Task to carry out: Look through the records below for the line holding "- forklift from (361, 359) to (648, 636)". Write it out exactly, with each following line through the line holding "- person from (0, 439) to (40, 673)".

(Beginning of Exercise data)

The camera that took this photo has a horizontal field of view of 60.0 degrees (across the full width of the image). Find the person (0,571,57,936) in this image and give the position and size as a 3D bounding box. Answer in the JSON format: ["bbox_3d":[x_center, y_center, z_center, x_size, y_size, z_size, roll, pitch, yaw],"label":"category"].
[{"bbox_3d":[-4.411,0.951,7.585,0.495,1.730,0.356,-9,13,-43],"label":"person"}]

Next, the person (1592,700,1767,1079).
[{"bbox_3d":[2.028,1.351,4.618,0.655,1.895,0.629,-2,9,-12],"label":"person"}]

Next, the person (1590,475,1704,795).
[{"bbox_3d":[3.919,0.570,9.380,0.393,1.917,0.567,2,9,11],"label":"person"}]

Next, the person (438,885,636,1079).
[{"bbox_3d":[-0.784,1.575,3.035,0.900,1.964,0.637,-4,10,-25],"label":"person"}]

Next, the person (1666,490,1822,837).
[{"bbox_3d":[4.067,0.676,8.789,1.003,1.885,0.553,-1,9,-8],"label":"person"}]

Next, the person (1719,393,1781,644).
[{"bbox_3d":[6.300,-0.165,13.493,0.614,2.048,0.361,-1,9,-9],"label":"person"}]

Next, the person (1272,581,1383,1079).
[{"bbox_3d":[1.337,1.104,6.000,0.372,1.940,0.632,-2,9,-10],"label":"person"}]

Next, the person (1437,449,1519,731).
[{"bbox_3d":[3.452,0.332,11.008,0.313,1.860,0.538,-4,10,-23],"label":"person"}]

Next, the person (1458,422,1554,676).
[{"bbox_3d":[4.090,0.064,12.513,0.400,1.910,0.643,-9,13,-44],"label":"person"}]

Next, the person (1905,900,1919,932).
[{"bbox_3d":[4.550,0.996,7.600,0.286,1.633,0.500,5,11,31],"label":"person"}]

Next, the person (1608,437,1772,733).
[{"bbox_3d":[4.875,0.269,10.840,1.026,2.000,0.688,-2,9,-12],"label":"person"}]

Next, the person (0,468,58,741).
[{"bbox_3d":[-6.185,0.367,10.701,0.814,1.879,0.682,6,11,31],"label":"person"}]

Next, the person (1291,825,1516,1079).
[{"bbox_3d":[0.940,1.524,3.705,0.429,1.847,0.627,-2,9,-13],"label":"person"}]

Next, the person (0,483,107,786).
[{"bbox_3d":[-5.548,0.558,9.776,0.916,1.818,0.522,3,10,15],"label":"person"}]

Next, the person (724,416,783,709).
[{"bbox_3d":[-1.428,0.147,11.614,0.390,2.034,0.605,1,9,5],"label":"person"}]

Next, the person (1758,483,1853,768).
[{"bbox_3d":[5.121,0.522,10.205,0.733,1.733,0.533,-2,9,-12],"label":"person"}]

(End of Exercise data)
(Beginning of Exercise data)

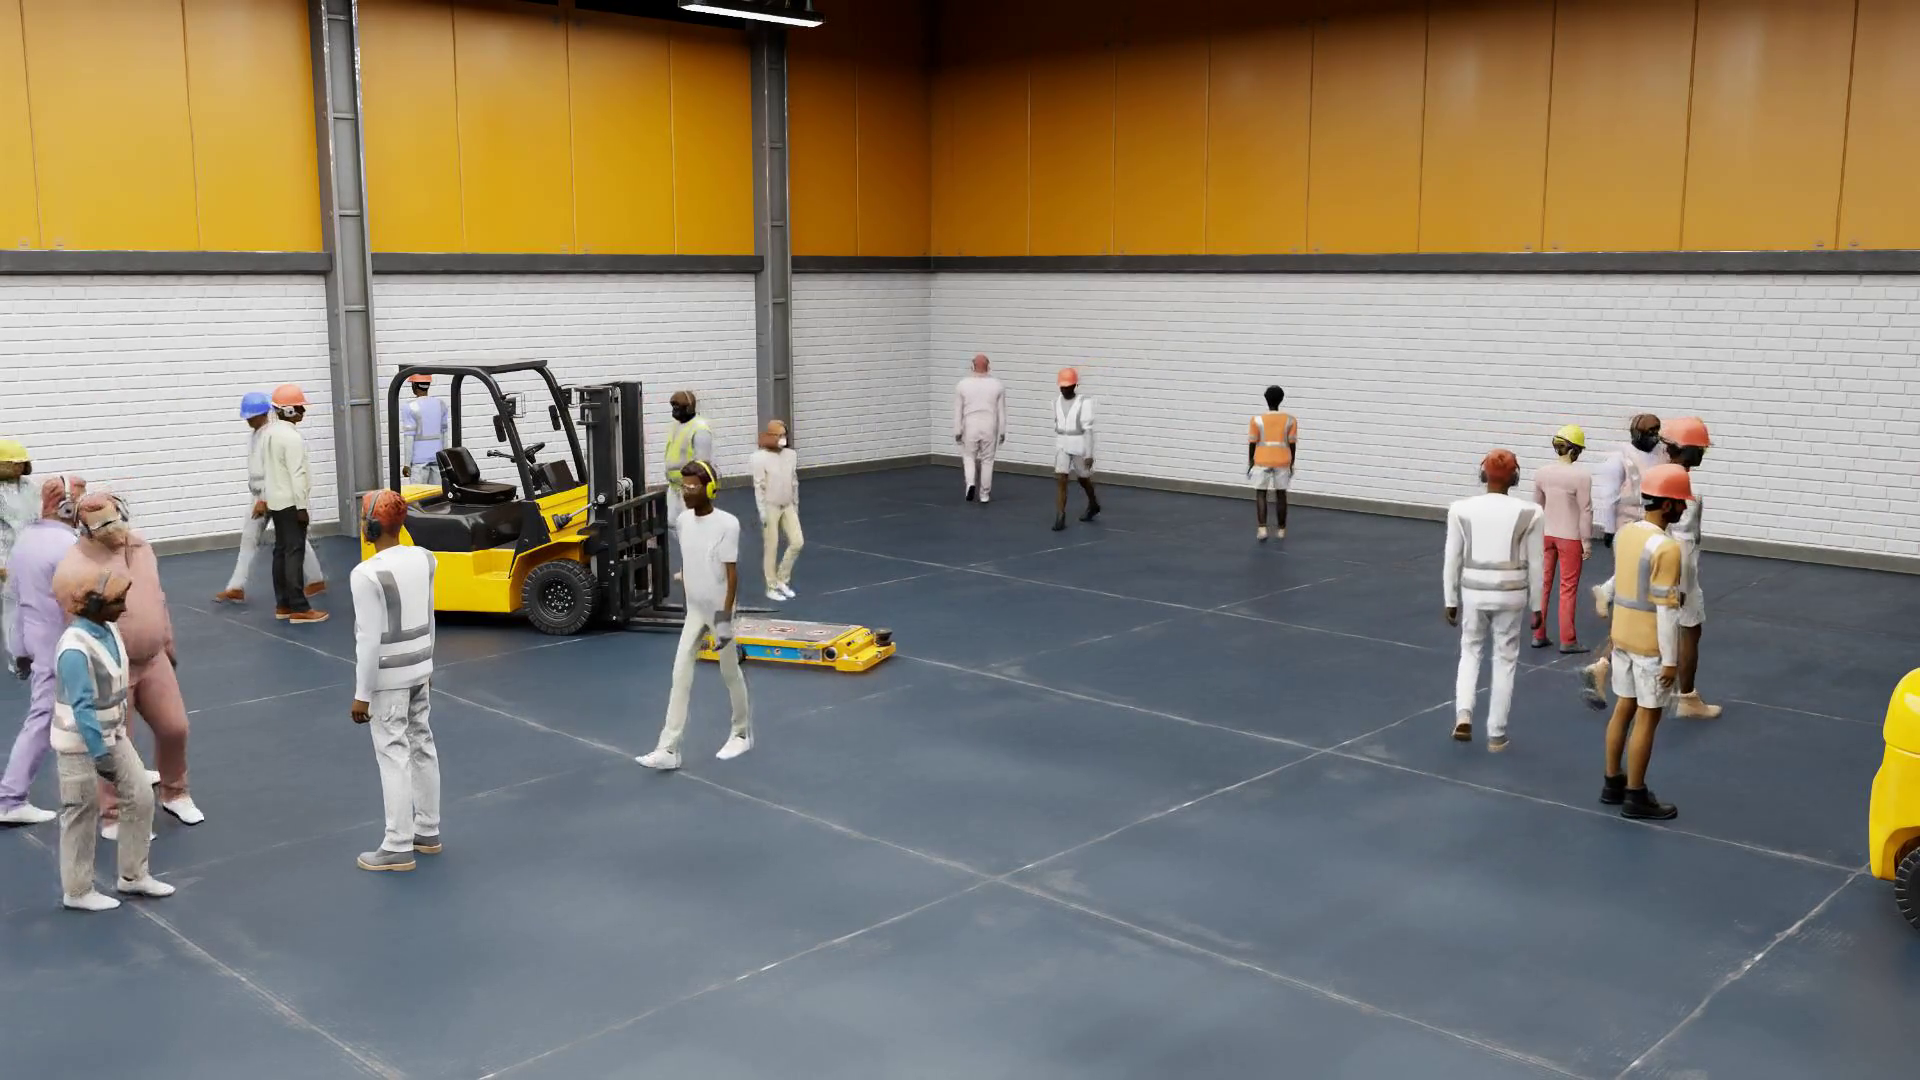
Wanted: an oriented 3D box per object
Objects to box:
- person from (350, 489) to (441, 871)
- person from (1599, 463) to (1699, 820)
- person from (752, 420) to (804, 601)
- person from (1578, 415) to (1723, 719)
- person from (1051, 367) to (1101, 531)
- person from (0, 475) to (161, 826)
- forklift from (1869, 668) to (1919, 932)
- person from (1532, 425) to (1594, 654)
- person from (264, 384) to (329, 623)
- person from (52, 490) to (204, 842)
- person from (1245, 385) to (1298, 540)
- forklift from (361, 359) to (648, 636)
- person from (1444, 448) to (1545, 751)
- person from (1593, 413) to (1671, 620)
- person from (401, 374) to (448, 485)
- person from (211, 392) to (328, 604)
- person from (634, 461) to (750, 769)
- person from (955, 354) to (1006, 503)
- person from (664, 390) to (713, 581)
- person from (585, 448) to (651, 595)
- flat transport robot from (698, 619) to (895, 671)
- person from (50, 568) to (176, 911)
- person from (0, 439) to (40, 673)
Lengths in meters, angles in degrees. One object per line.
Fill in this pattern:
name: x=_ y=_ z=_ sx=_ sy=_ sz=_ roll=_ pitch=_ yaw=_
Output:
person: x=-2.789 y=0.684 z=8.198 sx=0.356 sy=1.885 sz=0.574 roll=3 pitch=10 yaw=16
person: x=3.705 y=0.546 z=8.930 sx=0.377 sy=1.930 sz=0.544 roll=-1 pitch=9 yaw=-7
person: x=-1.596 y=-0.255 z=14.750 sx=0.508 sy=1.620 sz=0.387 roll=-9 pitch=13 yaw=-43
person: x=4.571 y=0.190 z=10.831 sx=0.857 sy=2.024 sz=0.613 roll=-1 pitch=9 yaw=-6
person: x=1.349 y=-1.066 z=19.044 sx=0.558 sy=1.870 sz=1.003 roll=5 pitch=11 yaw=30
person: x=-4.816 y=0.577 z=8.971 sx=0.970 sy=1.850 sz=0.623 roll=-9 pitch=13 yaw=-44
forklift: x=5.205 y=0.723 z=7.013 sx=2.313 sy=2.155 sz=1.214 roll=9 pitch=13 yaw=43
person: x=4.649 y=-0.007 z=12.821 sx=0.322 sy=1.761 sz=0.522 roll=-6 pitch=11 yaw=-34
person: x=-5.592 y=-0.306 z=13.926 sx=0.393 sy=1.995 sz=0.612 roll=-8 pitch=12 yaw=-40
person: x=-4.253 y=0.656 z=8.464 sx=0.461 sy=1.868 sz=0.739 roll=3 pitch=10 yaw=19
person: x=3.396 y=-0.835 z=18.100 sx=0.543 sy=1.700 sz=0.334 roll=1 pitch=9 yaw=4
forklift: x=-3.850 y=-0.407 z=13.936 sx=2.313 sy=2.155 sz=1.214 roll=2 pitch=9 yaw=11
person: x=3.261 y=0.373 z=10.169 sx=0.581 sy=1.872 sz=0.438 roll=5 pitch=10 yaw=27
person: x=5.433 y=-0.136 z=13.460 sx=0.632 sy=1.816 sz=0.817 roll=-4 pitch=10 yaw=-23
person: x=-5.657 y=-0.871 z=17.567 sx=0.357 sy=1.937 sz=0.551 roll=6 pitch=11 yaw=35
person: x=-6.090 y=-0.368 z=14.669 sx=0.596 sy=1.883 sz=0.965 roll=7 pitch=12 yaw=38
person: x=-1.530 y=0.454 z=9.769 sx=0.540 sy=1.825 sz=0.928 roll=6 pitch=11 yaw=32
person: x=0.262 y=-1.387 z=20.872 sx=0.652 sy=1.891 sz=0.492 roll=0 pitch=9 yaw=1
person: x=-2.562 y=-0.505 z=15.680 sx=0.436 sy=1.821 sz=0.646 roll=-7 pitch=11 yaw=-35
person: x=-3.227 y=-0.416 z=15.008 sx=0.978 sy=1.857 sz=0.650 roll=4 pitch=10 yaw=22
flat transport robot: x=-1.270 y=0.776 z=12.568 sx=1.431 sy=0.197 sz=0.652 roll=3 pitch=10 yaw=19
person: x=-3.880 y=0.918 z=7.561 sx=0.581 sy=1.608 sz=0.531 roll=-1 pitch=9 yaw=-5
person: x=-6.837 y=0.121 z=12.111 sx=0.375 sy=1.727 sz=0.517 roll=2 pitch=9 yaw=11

(End of Exercise data)

Answer for the task:
- forklift from (361, 359) to (648, 636)
- person from (1444, 448) to (1545, 751)
- person from (1593, 413) to (1671, 620)
- person from (401, 374) to (448, 485)
- person from (211, 392) to (328, 604)
- person from (634, 461) to (750, 769)
- person from (955, 354) to (1006, 503)
- person from (664, 390) to (713, 581)
- person from (585, 448) to (651, 595)
- flat transport robot from (698, 619) to (895, 671)
- person from (50, 568) to (176, 911)
- person from (0, 439) to (40, 673)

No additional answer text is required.